Add support for the xAI Realtime Voice Agent (grok-voice-think-fast-1.0) to OpenClaw's /voiceclaw/realtime gateway surface, implemented as a shared OpenAIRealtimeProtocolAdapter that can also serve OpenAI Realtime (issue #71195) when added.

xAI's Voice Agent API is OpenAI-Realtime-protocol-compatible (verbatim from xAI docs: "compatible with the OpenAI Realtime API. Most OpenAI client libraries and SDKs work with the xAI endpoint by changing the base URL"), so a single protocol adapter can serve both providers via parameterization.

Motivation

  • xAI Realtime is GA with grok-voice-think-fast-1.0 as the flagship "think fast" voice model. The Voice Agent API is documented at https://docs.x.ai/developers/model-capabilities/audio/voice-agent and uses the OpenAI-Realtime protocol with minor wire deltas.
  • OpenClaw already has the right surface/voiceclaw/realtime (added in #70938), the VoiceClawRealtimeAdapter interface, and the provider field in VoiceClawSessionConfigEvent types — but the only wired adapter today is gemini-live.ts.
  • Shared work with #71195 — issue #71195 requests OpenAI Realtime in /voiceclaw/realtime. Because xAI's API is OpenAI-Realtime-protocol-compatible, a shared OpenAIRealtimeProtocolAdapter base class would address both providers with one body of code, parameterized by URL / model defaults / voices / a small event-name override table.
  • Community signal — issue #12911 also requests Grok voice integration (in the web chat / Live Voice Mode). This proposal addresses the gateway-level capability that would unblock that and similar use cases.
  • Real adopter — a downstream private-AI-operator project is targeting /voiceclaw/realtime with provider: "xai" as its primary realtime voice route, preserving the credential boundary by keeping the xAI key inside OpenClaw's gateway environment. Downstream adopters are interested in driving this if maintainers are open to the design.

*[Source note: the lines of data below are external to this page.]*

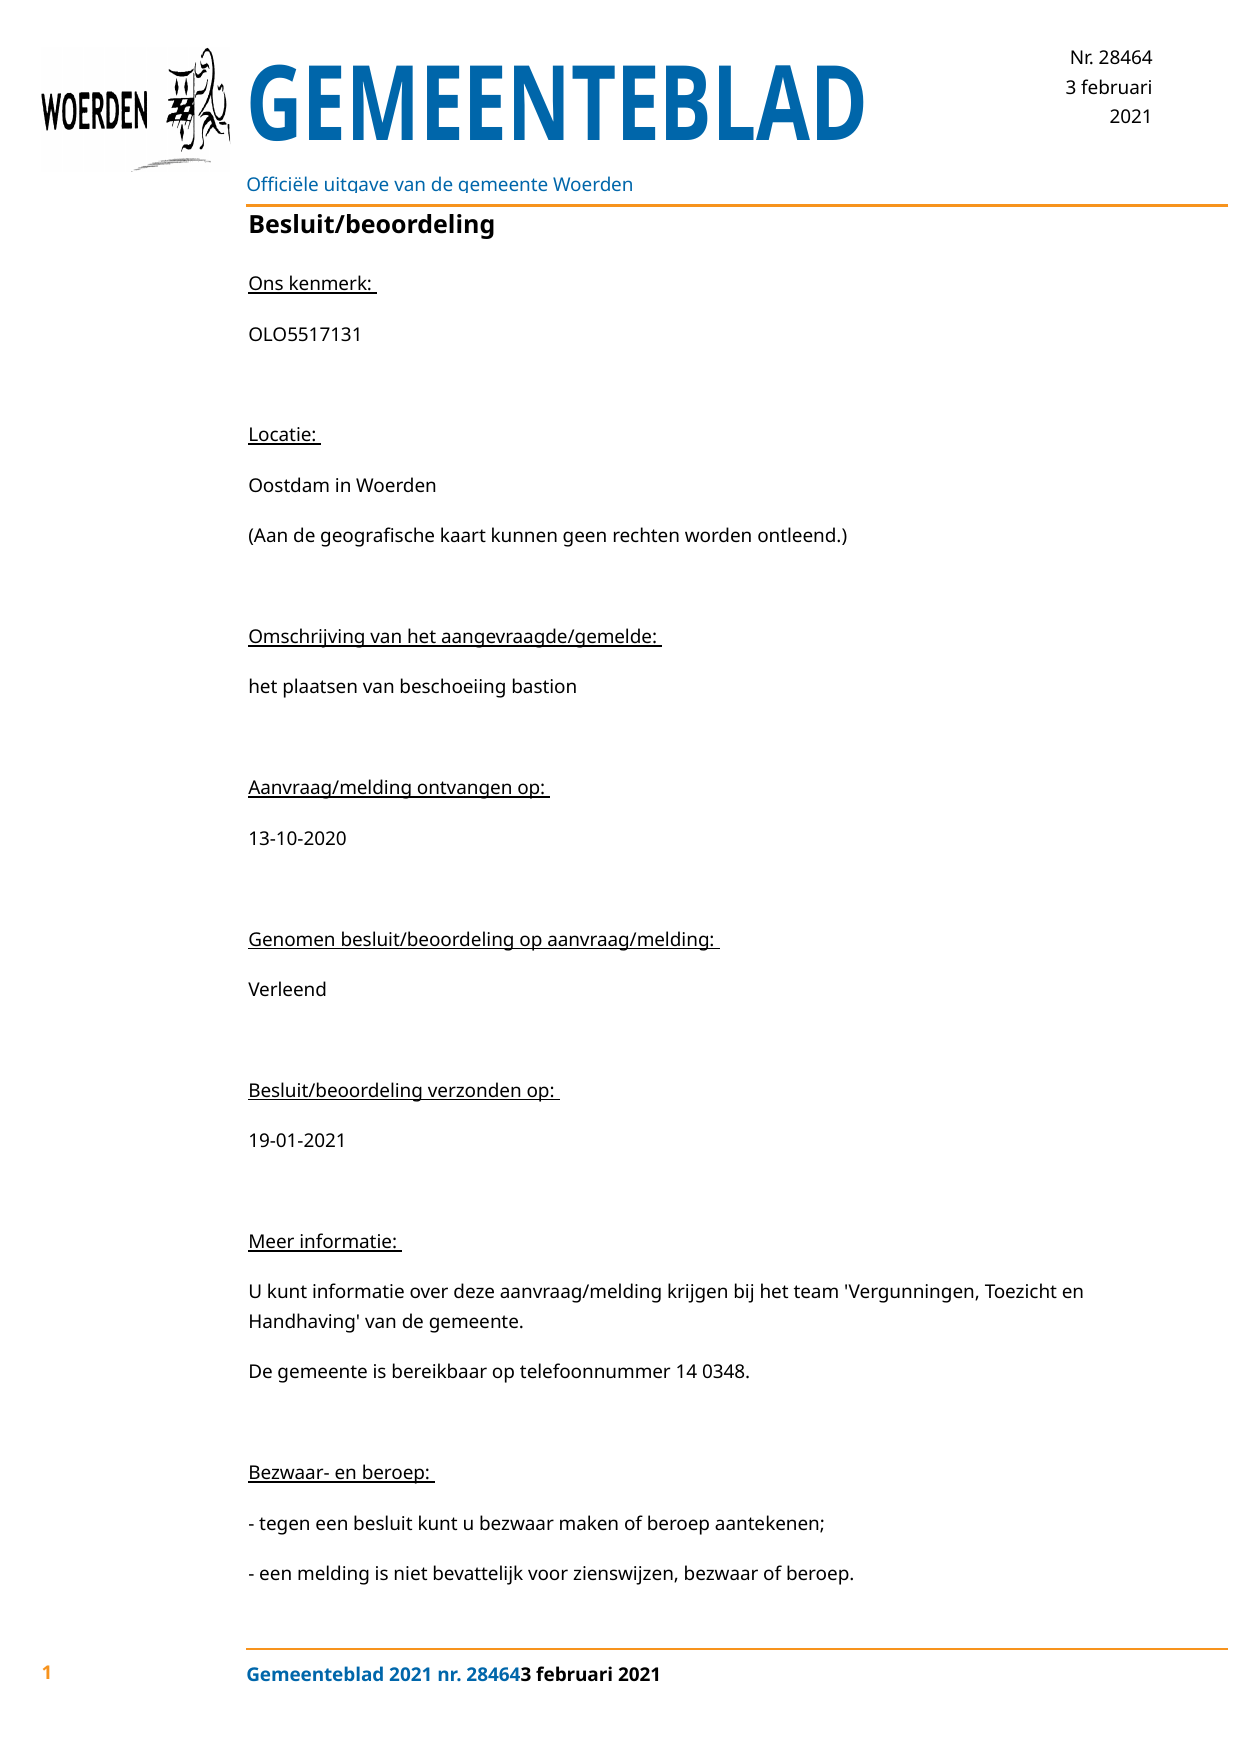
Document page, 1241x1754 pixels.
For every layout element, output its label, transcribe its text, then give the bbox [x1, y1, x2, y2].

text Ons kenmerk: [248, 270, 1152, 296]
text U kunt informatie over deze aanvraag/melding krijgen bij het team 'Vergunningen, Toezicht en Handhaving' van de gemeente. [248, 1279, 1152, 1334]
text Locatie: [248, 422, 1152, 447]
text Verleend [248, 976, 1152, 1002]
text Bezwaar- en beroep: [248, 1459, 1152, 1485]
text Oostdam in Woerden [248, 472, 1152, 498]
picture [41, 47, 231, 172]
text Aanvraag/melding ontvangen op: [248, 774, 1152, 800]
text Genomen besluit/beoordeling op aanvraag/melding: [248, 926, 1152, 951]
text Besluit/beoordeling verzonden op: [248, 1077, 1152, 1103]
text Besluit/beoordeling [248, 207, 1152, 241]
text De gemeente is bereikbaar op telefoonnummer 14 0348. [248, 1359, 1152, 1384]
text - tegen een besluit kunt u bezwaar maken of beroep aantekenen; [248, 1510, 1152, 1536]
text 13-10-2020 [248, 825, 1152, 851]
text (Aan de geografische kaart kunnen geen rechten worden ontleend.) [248, 522, 1152, 548]
text - een melding is niet bevattelijk voor zienswijzen, bezwaar of beroep. [248, 1560, 1152, 1586]
text 19-01-2021 [248, 1127, 1152, 1153]
text OLO5517131 [248, 321, 1152, 346]
text Meer informatie: [248, 1228, 1152, 1254]
text het plaatsen van beschoeiing bastion [248, 674, 1152, 699]
text Omschrijving van het aangevraagde/gemelde: [248, 623, 1152, 649]
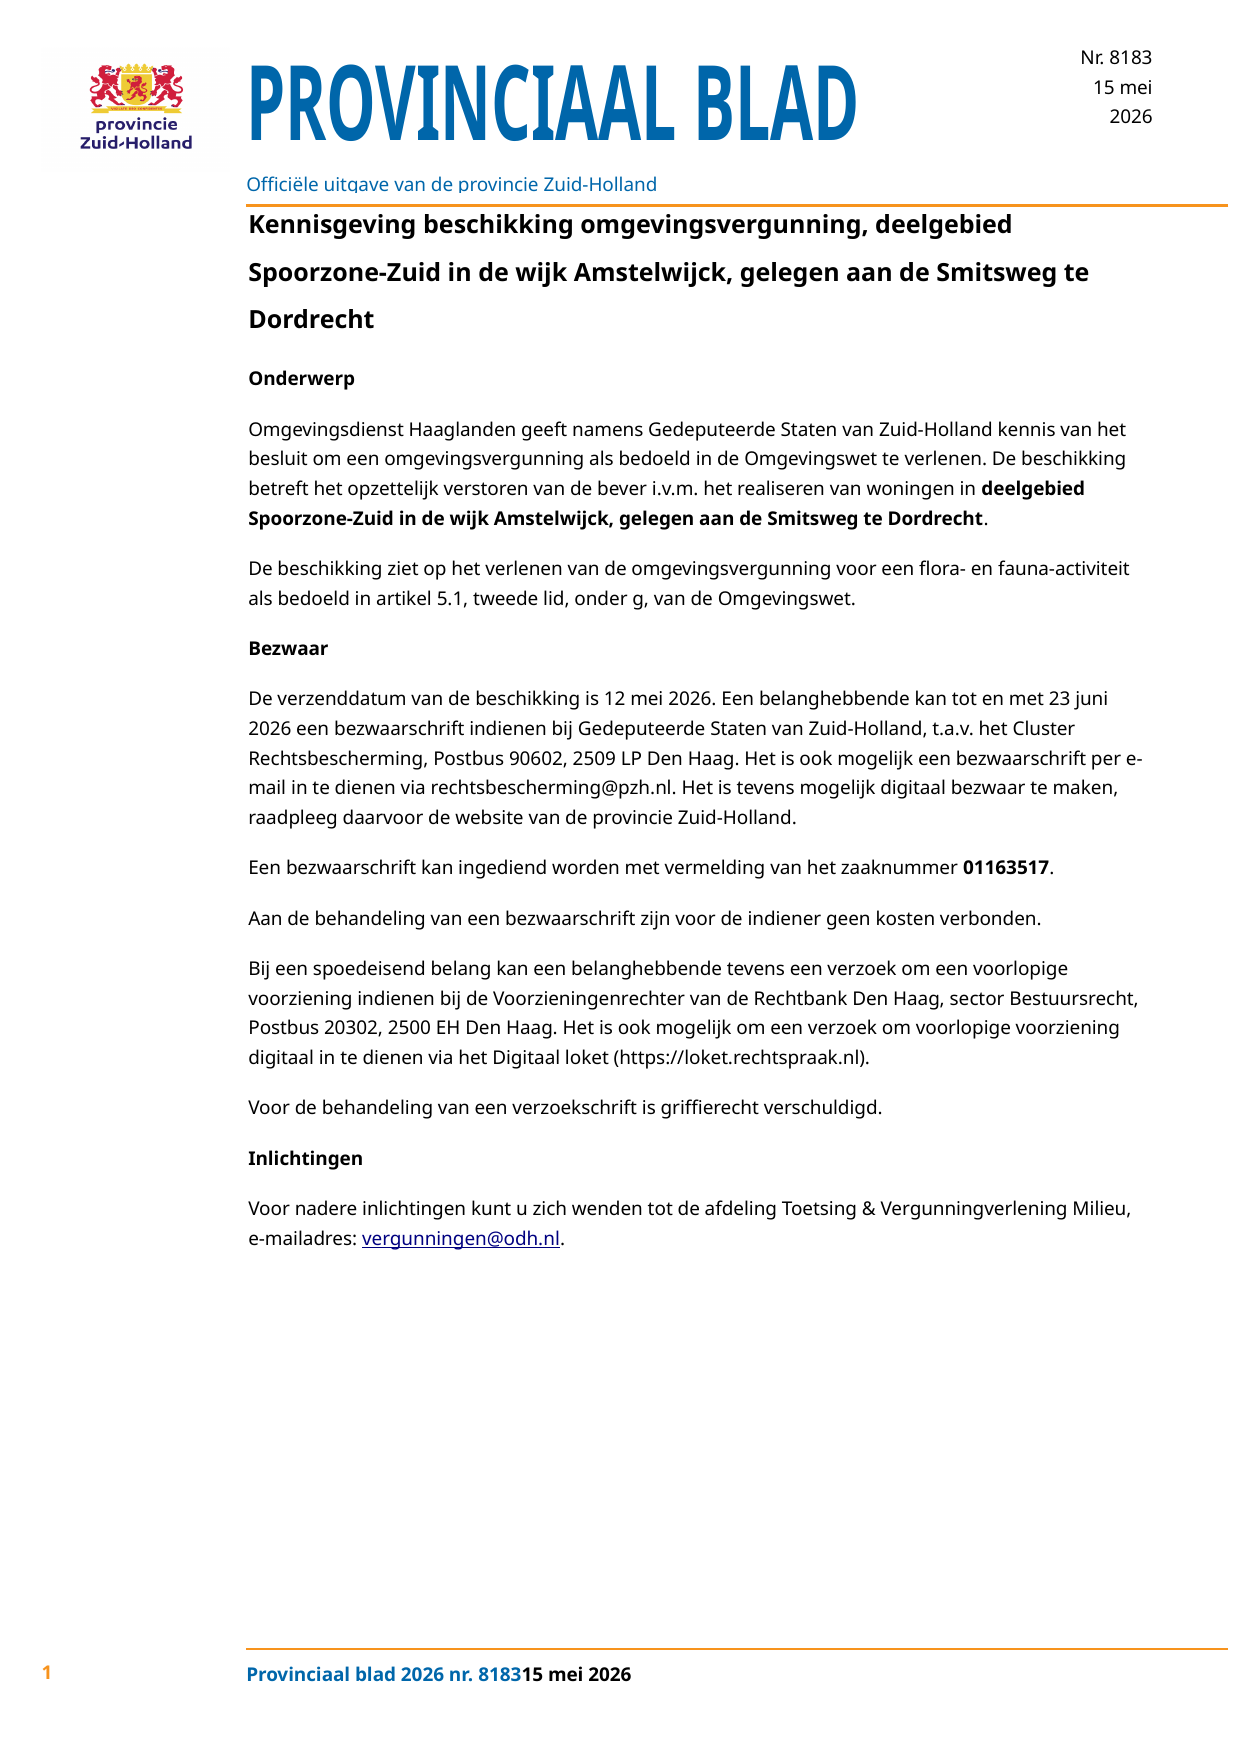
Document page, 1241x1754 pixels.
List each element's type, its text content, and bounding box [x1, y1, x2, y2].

text Kennisgeving beschikking omgevingsvergunning, deelgebied Spoorzone-Zuid in de wijk Amstelwijck, gelegen aan de Smitsweg te Dordrecht [248, 207, 1152, 336]
text Voor de behandeling van een verzoekschrift is griffierecht verschuldigd. [248, 1094, 1152, 1120]
text Bij een spoedeisend belang kan een belanghebbende tevens een verzoek om een voorlopige voorziening indienen bij de Voorzieningenrechter van de Rechtbank Den Haag, sector Bestuursrecht, Postbus 20302, 2500 EH Den Haag. Het is ook mogelijk om een verzoek om voorlopige voorziening digitaal in te dienen via het Digitaal loket (https://loket.rechtspraak.nl). [248, 955, 1152, 1069]
text Inlichtingen [248, 1145, 1152, 1170]
text Een bezwaarschrift kan ingediend worden met vermelding van het zaaknummer 01163517. [248, 854, 1152, 880]
text Onderwerp [248, 366, 1152, 391]
text De verzenddatum van de beschikking is 12 mei 2026. Een belanghebbende kan tot en met 23 juni 2026 een bezwaarschrift indienen bij Gedeputeerde Staten van Zuid-Holland, t.a.v. het Cluster Rechtsbescherming, Postbus 90602, 2509 LP Den Haag. Het is ook mogelijk een bezwaarschrift per e-mail in te dienen via rechtsbescherming@pzh.nl. Het is tevens mogelijk digitaal bezwaar te maken, raadpleeg daarvoor de website van de provincie Zuid-Holland. [248, 686, 1152, 829]
picture [41, 47, 231, 172]
text Omgevingsdienst Haaglanden geeft namens Gedeputeerde Staten van Zuid-Holland kennis van het besluit om een omgevingsvergunning als bedoeld in de Omgevingswet te verlenen. De beschikking betreft het opzettelijk verstoren van de bever i.v.m. het realiseren van woningen in deelgebied Spoorzone-Zuid in de wijk Amstelwijck, gelegen aan de Smitsweg te Dordrecht. [248, 416, 1152, 530]
text Aan de behandeling van een bezwaarschrift zijn voor de indiener geen kosten verbonden. [248, 905, 1152, 930]
text De beschikking ziet op het verlenen van de omgevingsvergunning voor een flora- en fauna-activiteit als bedoeld in artikel 5.1, tweede lid, onder g, van de Omgevingswet. [248, 555, 1152, 610]
text Bezwaar [248, 635, 1152, 661]
text Voor nadere inlichtingen kunt u zich wenden tot de afdeling Toetsing & Vergunningverlening Milieu, e-mailadres: vergunningen@odh.nl. [248, 1195, 1152, 1250]

If maintainers prefer a smaller first PR, the initial implementation can target xAI only, with the shared adapter structured so OpenAI Realtime support can follow without duplicating protocol code.

Proposed design

New files

  • src/gateway/voiceclaw-realtime/openai-realtime-protocol.ts — shared OpenAIRealtimeProtocolAdapter base class implementing VoiceClawRealtimeAdapter against the OpenAI-Realtime wire protocol. Parameterized by:
    • Default WebSocket base URL
    • Default model ID
    • Available voices
    • Event-name override table (xAI's response.text.delta vs OpenAI's response.output_text.delta; xAI's user-transcription event shape vs OpenAI's split events)
  • src/gateway/voiceclaw-realtime/xai-realtime.tsVoiceClawXaiRealtimeAdapter extends the shared base with xAI-specific defaults:
    • Base URL: wss://api.x.ai/v1/realtime?model=<model-id>
    • Default model: grok-voice-think-fast-1.0
    • Available voices: eve, ara, rex, sal, leo (all five supported; per-session override via session.config.voice)
    • Event-name overrides per the xAI docs

Modified files

  • src/gateway/voiceclaw-realtime/types.ts — add "xai" to VoiceClawSessionConfigEvent.provider union (one-line change).
  • src/gateway/voiceclaw-realtime/session.ts — extend the adapter factory so provider === "xai" instantiates VoiceClawXaiRealtimeAdapter.
  • docs/gateway/index.md — document xAI as a /voiceclaw/realtime brain provider; required env var XAI_API_KEY.
  • docs/providers/xai.md — note realtime full-duplex support; cross-link to gateway index.

Configuration shape

Operator config:

{
  "voiceclaw-realtime": {
    "default_provider": "xai",
    "xai": {
      "model": "grok-voice-think-fast-1.0",
      "voice": "ara",
      "audio_format": "audio/pcm",
      "sample_rate_hz": 24000,
      "vad": {
        "type": "server_vad",
        "threshold": 0.5,
        "silence_duration_ms": 500
      }
    }
  }
}

Plus env: XAI_API_KEY set in the gateway process environment. Optional follow-up: if maintainers prefer file-based secret loading, support an XAI_API_KEY_FILE pattern.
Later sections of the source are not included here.